Wendy oye Spotify en un altavoz y cambia con agilidad las piezas en su celular mientras atiende a los clientes. Reguetón, salsa, boleros, también versiones chinas de música pop occidental. A veces las dos tararean las canciones o se mueven un poco con el ritmo, Wendy más que Yenni. Otra sorpresa. Si la llaman, atiende, pero sin dejar de trabajar, así que lo hace por el mismo altavoz, en español o en chino, de modo que todos más o menos nos enteramos de los próximos arreglos de citas y horarios. Yenni sonríe sin levantar la vista de lo que la ocupa en ese momento.
Cada vez que puedo me acerco a verlas. Al menor raspón en el esmalte llego con el dedo levantado como niño que quiere curita. “Cóbrame”, le digo a Wendy después de que me arregla el raspón en la mesa de al lado de donde trabaja. “No, eso es muy poquito”. Insisto: “Cóbrame, vale, que si no, no puedo venir más por estas tonterías”. “Bueno, un euro. Ponlo ahí, mi amor”. Y sigue con su clienta.

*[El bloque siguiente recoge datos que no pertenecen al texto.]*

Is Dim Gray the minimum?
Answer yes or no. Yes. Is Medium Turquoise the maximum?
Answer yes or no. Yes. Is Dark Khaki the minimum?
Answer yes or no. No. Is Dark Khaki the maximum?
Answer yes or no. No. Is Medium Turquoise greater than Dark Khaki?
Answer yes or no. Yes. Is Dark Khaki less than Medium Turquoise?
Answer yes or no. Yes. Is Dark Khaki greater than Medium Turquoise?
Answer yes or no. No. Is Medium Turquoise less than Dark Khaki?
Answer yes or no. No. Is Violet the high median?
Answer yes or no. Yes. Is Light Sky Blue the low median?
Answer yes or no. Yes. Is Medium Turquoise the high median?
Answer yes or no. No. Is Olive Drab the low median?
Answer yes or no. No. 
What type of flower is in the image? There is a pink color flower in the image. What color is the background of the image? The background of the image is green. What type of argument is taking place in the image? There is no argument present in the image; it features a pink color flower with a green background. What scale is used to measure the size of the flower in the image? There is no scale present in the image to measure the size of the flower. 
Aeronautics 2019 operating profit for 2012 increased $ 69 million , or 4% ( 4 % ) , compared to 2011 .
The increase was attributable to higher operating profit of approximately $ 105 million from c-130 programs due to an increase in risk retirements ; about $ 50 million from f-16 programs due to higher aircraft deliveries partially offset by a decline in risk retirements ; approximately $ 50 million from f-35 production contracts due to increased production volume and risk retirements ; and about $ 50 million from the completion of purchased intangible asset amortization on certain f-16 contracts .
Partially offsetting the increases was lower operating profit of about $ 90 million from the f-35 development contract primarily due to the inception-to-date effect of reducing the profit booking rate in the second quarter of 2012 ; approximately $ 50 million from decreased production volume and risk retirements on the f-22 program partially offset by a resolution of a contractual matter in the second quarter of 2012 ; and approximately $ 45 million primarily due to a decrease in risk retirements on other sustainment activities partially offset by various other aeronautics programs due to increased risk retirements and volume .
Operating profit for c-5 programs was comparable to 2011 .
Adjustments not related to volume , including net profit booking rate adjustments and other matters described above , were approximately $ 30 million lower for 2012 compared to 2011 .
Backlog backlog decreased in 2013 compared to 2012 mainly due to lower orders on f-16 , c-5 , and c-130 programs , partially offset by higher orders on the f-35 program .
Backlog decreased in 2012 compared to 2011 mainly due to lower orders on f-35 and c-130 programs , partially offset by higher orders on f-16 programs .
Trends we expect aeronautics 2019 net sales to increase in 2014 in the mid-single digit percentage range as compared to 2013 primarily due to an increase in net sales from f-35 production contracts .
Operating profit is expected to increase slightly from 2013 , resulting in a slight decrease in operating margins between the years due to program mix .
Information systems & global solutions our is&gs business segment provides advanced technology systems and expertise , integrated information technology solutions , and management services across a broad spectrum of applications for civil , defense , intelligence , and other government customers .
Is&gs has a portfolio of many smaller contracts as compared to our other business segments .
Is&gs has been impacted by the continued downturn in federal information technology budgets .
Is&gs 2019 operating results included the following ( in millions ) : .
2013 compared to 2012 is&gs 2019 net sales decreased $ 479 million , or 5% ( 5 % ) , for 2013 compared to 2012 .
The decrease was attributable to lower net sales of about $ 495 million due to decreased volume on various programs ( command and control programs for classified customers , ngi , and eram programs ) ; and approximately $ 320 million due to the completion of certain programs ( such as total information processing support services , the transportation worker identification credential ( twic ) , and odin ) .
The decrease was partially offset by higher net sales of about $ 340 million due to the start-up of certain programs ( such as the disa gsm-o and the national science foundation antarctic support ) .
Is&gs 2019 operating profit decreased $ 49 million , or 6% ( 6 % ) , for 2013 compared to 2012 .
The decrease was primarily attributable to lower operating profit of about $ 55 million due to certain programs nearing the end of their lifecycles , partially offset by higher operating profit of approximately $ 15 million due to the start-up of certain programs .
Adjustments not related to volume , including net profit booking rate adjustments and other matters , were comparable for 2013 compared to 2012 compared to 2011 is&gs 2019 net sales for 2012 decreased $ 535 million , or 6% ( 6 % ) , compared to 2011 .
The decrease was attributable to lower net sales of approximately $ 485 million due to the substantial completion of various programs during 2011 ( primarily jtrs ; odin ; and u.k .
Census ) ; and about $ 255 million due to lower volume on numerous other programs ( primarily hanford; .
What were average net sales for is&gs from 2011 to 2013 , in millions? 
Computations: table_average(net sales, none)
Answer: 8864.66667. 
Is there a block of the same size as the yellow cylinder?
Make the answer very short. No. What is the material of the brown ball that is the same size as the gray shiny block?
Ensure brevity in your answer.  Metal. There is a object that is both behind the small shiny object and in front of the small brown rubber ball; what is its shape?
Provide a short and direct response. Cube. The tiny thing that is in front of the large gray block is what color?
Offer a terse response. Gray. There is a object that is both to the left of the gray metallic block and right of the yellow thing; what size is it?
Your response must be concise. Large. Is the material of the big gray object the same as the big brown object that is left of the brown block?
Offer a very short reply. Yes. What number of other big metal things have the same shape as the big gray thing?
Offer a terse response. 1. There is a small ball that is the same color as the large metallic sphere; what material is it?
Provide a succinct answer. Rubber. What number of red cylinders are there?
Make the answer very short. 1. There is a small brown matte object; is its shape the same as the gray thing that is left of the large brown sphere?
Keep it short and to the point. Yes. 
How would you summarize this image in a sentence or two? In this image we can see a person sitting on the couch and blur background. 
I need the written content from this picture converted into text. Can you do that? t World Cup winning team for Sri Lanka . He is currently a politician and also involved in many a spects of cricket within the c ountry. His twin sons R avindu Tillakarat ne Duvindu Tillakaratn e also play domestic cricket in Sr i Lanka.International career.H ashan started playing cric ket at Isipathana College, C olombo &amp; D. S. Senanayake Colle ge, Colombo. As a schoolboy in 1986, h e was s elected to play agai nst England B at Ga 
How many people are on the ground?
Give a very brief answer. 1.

Algunas veces les aviso por WhatsApp que voy para allá: “Epa, se me dañó el esmalte del dedo chiquito”, o: “¿Me pueden atender hoy? Manos y pies”. “Claro, mi amor”, es la respuesta invariable. Llego y Wendy me señala con la boca la silla donde voy a esperar, me la señala a la manera de Caracas. Ya estoy en devoción. También cuando paso delante de la tienda camino a otra parte, a millón, y agito los brazos en alto, exagerada, para saludar. Entonces Wendy me tira besos desde adentro con las dos manos y Yenni saluda, siempre más discreta, pero divertida con la escena.
Resiliencia e inteligencia migratoria me saben a poquito aquí. Esto es la poesía de Tráfico aclimatada en Madrid.